Mar 25 12:16:01 D02271957 gdm[3109]: Gdm: GdmDisplay: Session never registered, failing
Mar 25 12:16:01 D02271957 gdm[3109]: Gdm: Child process -3723 was already dead.
Mar 25 12:16:01 D02271957 gdm[3109]: Gdm: GdmDisplay: Session never registered, failing
Mar 25 12:16:01 D02271957 gdm[3109]: Gdm: Child process -3723 was already dead.
Mar 25 12:16:31 D02271957 gdm[3109]: Gdm: GdmDisplay: Session never registered, failing
Mar 25 12:16:31 D02271957 gdm[3109]: Gdm: Child process -3780 was already dead.
Mar 25 12:16:31 D02271957 gdm[3109]: Gdm: GdmDisplay: Session never registered, failing
Mar 25 12:16:31 D02271957 gdm[3109]: Gdm: Child process -3780 was already dead.
Mar 25 12:17:00 D02271957 gdm[3109]: Gdm: GdmDisplay: Session never registered, failing
Mar 25 12:17:00 D02271957 gdm[3109]: Gdm: GdmLocalDisplayFactory: maximum number of X display failures reached: check X server log for errors
Mar 25 12:17:00 D02271957 gdm[3109]: Gdm: Child process -3803 was already dead.

New log uploaded.
nvidia-bug-report-new-mar25.log (5.0 MB)

(EE) NVIDIA(GPU-0): Failed to initialize DMA.

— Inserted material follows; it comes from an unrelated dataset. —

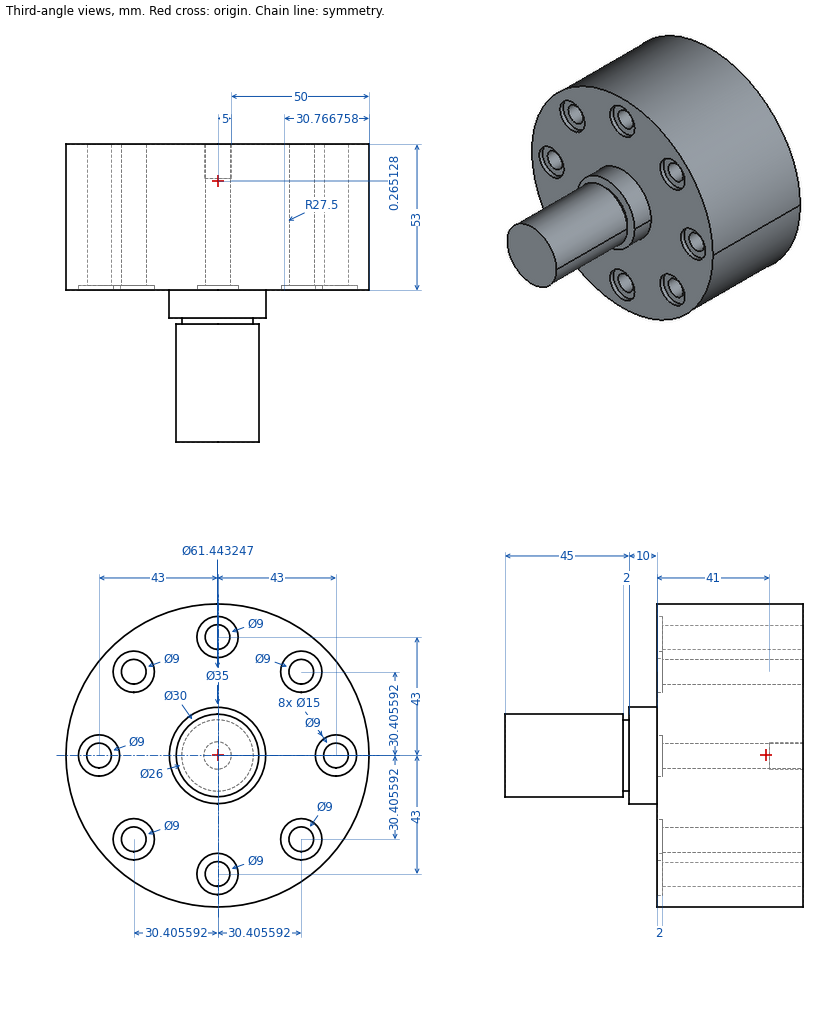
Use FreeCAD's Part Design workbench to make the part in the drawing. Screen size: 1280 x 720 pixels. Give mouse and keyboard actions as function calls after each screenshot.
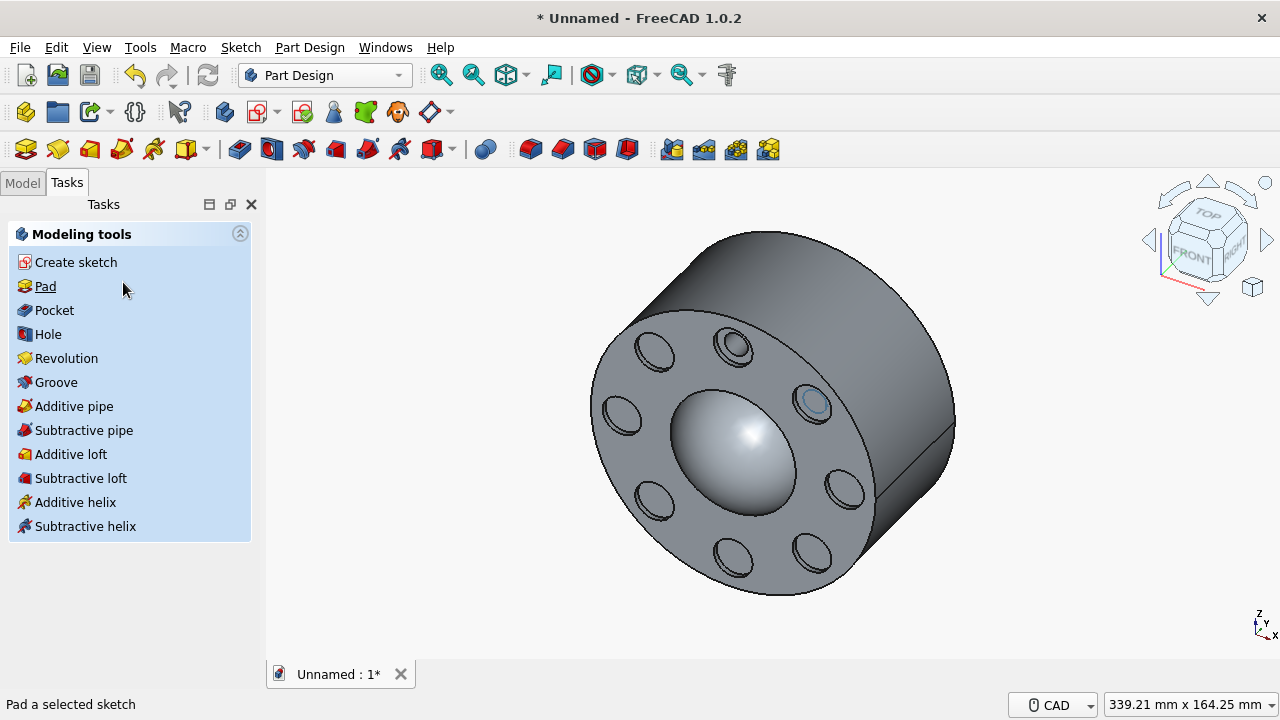
click(240, 150)

Please set kernel parameter iommu=off

Hi generix,

Would I set this in the BIOS or is there a configuration file to edit.

Thanks.

https://access.redhat.com/documentation/de-de/red_hat_enterprise_linux/8/html/managing_monitoring_and_updating_the_kernel/configuring-kernel-command-line-parameters_managing-monitoring-and-updating-the-kernel#changing-kernel-command-line-parameters-for-all-boot-entries_configuring-kernel-command-line-parameters

Just to confirm, I would do grubby --update-kernel=/boot/vmlinuz-$(uname -r) --args="iommu=off"

I am seeing some references that the parameter is actually amd_iommu= and I do have an AMD CPU in this system so wasn’t sure which one to try.

Thank you.

You should rather use kernel=ALL, otherwise this gets lost on kernel update.
iommu=off is the all-off-no-questions-asked parameter. amd_iommu is a fine-tuning parameter, only turning off amd hw iommu.

Got it, appreciate the update!

Just to understand the underlying issue, is this related to the following issue with AMD and SME?
https://download.nvidia.com/XFree86/Linux-x86_64/450.57/README/dma_issues.html

And turning off IOMMU will correct this? I do see related IO errors in dmesg:

nvidia 0000:42:00.0: AMD-Vi: Event logged [IO_PAGE_FAULT domain=0x000e address=0xffb15000 flags=0x0000]
[ 88.932848] nvidia 0000:01:00.0: AMD-Vi: Event logged [IO_PAGE_FAULT domain=0x0025 address=0xffb15000 flags=0x0000]
[ 88.932854] nvidia 0000:41:00.0: AMD-Vi: Event logged [IO_PAGE_FAULT domain=0x000c address=0xffb15000 flags=0x0000]

No, this has been fixed long ago.
In order for Mosaic to work, the gpus need to be able to communicate. If not correctly configured by the mainboard’s bios, iommu will block this as it isolates the slots, unless SLI capable.

Hi generix,

I was able to disable IOMMU through the BIOS and this resolved the issue!

Thank you so much for all the help. You have been very helpful.

This topic was automatically closed 14 days after the last reply. New replies are no longer allowed.